* _Activity_
In the entries below, tally the lines that contain the string "Rauwenhoffweg", then state that number alone.

(Recorded data)
-- Opening Marker --

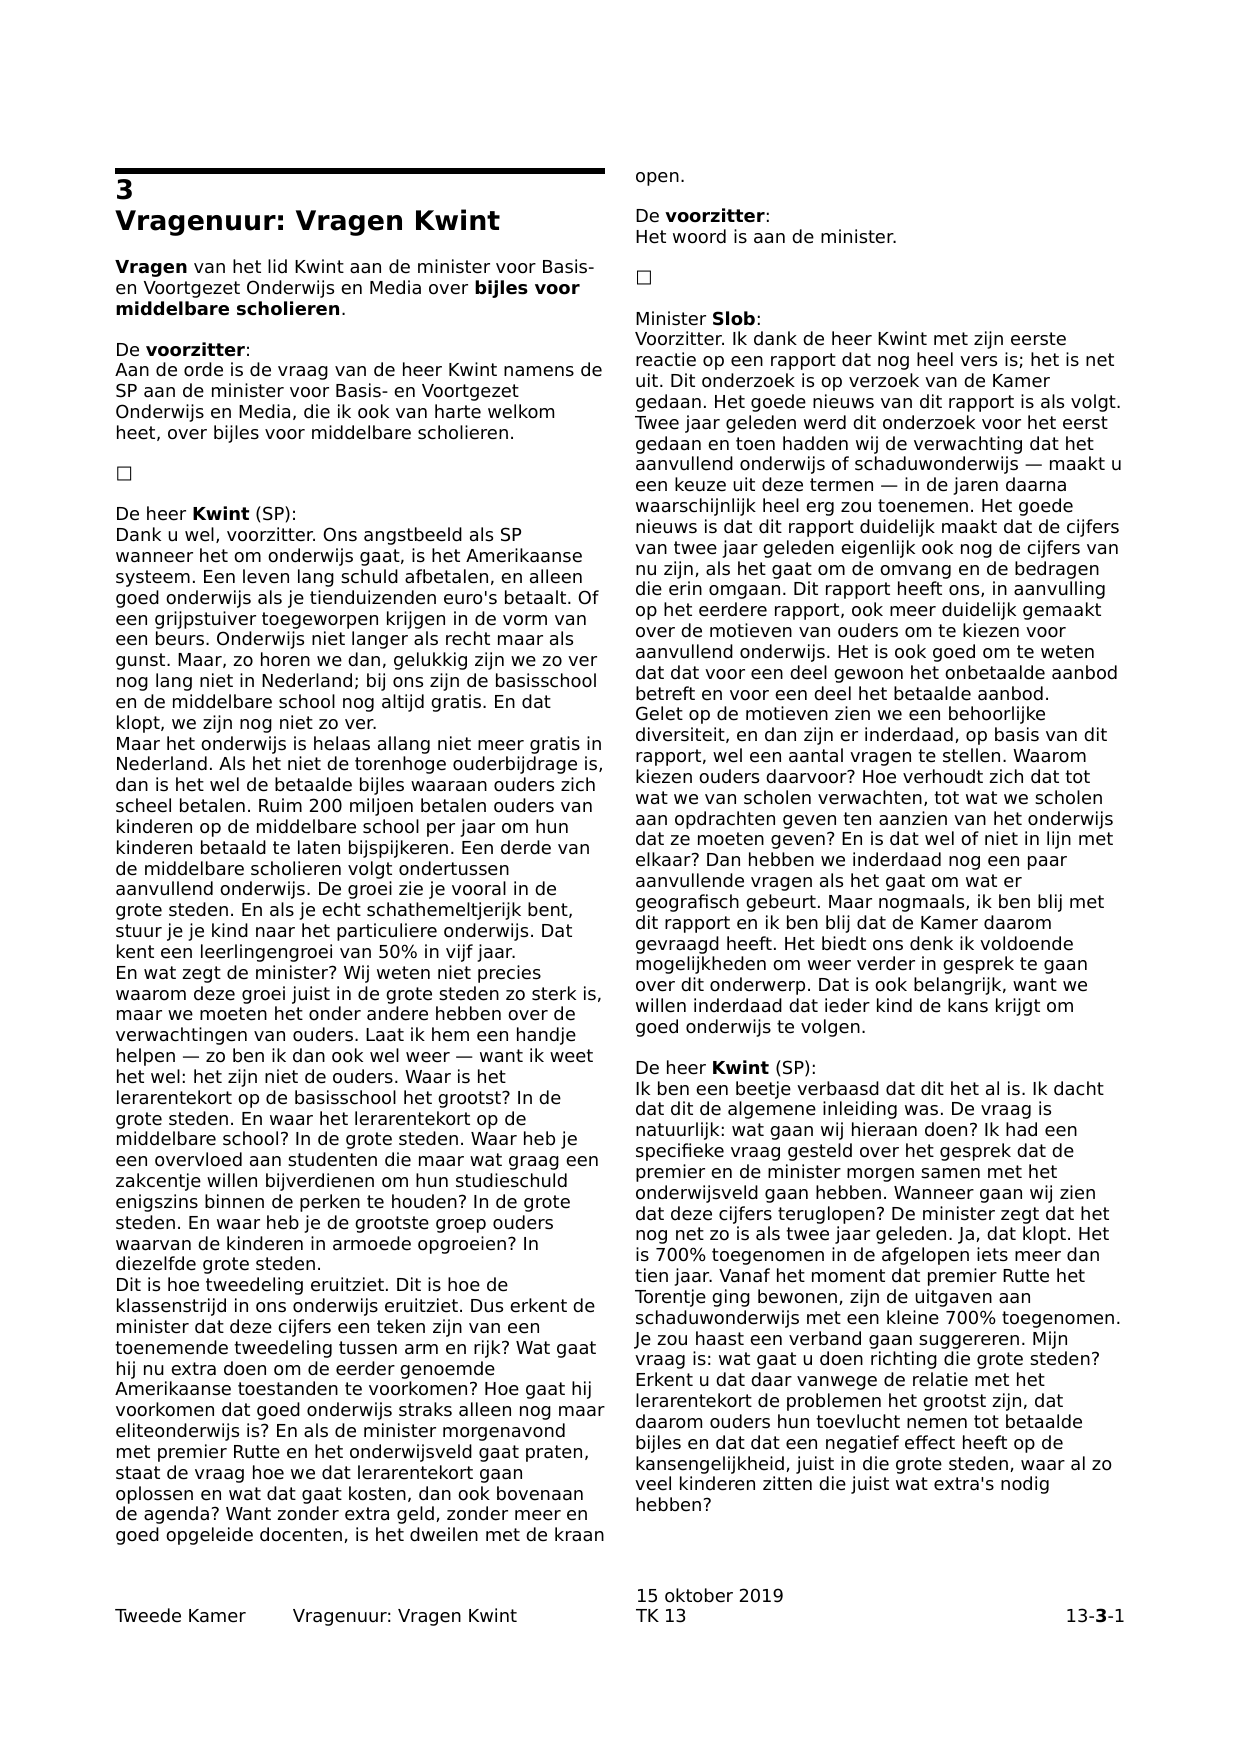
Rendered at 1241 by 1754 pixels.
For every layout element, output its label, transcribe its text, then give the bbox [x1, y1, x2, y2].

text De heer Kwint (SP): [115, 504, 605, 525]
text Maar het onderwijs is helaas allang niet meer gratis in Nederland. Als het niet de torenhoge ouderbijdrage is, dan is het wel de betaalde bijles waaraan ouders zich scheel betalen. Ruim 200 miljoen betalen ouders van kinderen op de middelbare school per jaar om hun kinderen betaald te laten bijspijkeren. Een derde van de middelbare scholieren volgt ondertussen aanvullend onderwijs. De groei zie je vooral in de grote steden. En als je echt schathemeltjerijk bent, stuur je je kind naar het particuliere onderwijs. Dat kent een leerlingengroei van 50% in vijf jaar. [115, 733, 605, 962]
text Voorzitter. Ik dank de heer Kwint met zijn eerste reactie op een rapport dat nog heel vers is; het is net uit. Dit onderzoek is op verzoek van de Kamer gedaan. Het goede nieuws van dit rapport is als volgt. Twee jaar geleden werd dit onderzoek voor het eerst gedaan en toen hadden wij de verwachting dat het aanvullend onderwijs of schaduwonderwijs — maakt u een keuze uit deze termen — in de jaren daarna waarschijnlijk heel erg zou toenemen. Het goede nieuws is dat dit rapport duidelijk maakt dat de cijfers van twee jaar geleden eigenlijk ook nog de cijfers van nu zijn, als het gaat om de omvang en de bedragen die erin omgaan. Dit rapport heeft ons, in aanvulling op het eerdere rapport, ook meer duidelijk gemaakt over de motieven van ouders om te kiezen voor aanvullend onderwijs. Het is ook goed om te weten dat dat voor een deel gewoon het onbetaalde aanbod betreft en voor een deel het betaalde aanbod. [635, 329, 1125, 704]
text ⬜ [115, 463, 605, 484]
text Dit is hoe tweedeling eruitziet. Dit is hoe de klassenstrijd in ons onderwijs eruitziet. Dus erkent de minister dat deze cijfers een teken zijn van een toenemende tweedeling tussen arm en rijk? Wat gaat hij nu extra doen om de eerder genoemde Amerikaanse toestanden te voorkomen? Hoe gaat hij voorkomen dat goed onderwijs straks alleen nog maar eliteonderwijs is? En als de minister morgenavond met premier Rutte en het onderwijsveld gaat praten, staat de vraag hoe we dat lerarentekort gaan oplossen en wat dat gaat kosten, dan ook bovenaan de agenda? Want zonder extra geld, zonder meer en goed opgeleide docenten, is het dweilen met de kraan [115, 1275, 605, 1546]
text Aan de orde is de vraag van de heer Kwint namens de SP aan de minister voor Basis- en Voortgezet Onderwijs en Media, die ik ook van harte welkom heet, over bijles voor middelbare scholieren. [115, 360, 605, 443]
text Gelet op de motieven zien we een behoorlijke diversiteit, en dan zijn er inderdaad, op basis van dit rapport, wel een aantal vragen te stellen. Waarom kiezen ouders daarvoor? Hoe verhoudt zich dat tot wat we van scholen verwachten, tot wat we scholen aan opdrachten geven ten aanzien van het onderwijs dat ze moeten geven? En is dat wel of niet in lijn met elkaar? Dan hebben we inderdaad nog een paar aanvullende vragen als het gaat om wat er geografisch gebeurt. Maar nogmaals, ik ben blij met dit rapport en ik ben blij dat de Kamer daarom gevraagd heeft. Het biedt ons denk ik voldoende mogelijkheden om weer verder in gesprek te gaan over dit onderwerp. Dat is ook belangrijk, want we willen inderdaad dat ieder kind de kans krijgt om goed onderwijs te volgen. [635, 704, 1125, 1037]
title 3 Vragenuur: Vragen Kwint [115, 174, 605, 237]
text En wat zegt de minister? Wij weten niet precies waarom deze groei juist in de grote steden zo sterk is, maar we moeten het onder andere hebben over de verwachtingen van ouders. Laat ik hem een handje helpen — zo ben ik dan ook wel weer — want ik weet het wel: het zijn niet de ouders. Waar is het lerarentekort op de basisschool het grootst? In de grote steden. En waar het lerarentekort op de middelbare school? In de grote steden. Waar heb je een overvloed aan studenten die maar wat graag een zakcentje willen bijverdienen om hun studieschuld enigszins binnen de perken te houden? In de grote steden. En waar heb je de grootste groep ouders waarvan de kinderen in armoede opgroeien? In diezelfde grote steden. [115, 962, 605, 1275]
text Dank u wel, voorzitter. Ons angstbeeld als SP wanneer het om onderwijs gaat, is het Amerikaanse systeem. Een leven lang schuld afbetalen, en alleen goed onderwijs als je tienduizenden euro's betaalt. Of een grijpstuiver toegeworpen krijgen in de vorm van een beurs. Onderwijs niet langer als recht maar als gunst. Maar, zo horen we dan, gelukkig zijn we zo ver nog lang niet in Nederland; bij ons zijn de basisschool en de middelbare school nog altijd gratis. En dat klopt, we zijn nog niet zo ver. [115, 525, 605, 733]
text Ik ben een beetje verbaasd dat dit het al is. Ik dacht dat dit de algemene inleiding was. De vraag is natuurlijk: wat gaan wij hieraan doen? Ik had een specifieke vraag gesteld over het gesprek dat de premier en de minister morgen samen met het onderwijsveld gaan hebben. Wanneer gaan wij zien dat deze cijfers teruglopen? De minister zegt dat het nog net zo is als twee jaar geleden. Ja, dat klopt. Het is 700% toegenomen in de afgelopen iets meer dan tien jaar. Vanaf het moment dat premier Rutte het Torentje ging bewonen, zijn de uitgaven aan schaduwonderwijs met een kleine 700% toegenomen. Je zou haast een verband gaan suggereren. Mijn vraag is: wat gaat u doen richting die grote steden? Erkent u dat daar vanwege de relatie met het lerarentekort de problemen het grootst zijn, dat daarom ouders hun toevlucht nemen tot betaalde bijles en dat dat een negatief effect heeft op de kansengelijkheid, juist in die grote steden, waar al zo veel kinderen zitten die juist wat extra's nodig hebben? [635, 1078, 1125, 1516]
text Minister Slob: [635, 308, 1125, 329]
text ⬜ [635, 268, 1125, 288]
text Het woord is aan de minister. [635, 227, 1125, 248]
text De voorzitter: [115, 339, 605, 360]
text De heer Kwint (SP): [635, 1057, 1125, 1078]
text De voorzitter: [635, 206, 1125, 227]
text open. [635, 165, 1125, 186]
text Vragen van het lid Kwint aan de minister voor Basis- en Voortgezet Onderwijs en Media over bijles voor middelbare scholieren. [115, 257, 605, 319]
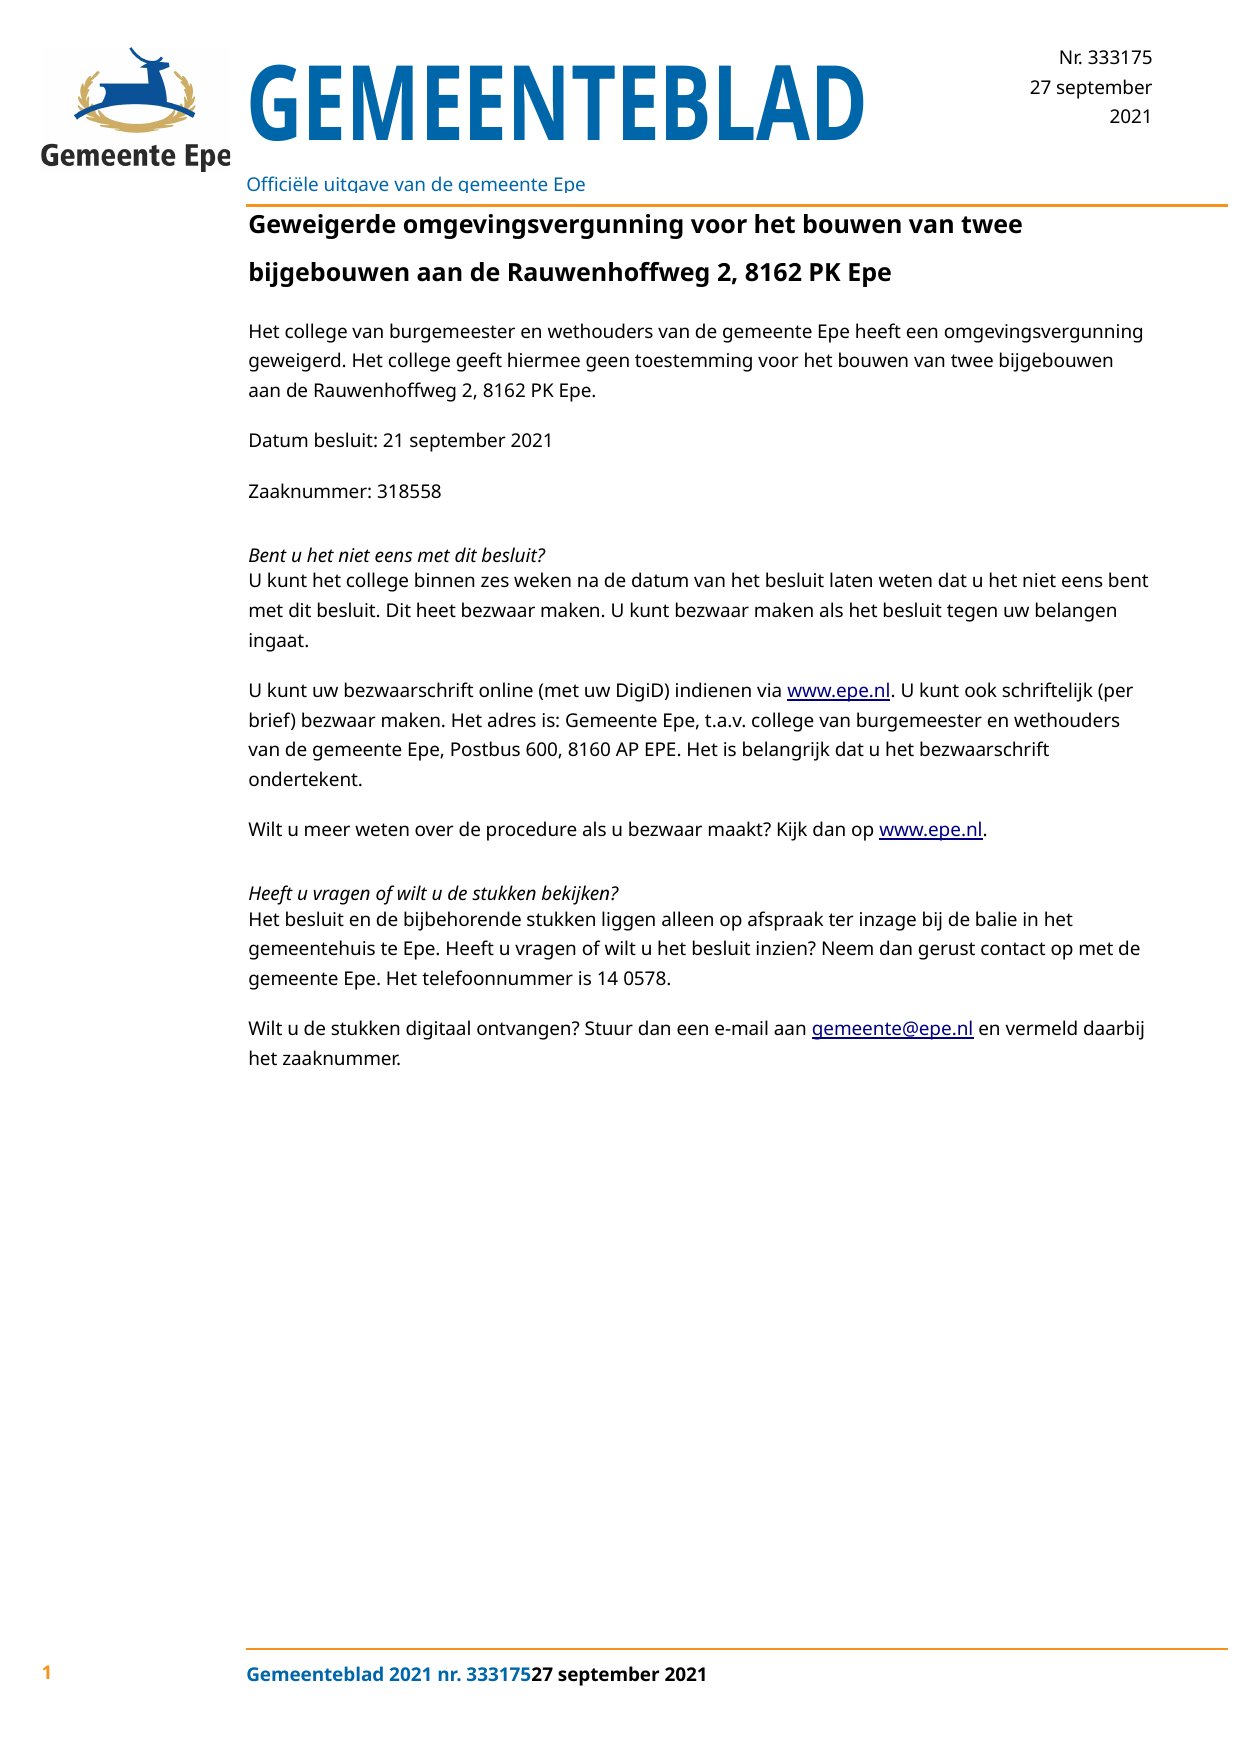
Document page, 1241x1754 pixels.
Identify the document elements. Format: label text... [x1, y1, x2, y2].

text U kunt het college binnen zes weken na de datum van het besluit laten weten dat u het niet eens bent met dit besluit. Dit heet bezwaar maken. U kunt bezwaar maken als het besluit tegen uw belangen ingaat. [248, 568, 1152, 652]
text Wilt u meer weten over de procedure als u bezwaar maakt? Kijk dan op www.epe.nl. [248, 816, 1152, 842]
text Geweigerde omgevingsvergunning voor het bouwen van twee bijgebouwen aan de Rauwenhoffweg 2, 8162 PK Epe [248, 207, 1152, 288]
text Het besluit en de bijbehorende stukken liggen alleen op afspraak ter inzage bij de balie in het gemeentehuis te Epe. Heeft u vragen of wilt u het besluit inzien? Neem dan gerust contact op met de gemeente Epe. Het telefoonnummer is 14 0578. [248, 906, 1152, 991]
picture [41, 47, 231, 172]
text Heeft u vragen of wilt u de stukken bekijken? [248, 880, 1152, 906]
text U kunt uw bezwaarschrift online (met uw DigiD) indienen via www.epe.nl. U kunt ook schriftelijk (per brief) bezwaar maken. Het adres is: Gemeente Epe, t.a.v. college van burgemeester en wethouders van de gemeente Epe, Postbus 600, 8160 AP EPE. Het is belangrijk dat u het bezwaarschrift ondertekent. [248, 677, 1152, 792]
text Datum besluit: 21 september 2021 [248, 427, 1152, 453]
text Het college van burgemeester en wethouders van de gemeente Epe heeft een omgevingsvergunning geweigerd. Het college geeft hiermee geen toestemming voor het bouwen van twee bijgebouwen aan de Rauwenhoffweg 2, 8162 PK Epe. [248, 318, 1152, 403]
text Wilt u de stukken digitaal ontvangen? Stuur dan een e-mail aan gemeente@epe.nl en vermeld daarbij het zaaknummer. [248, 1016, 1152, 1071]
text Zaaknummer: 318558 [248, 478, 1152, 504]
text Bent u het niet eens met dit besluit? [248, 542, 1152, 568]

-- Closing Marker --

* _Your response_
2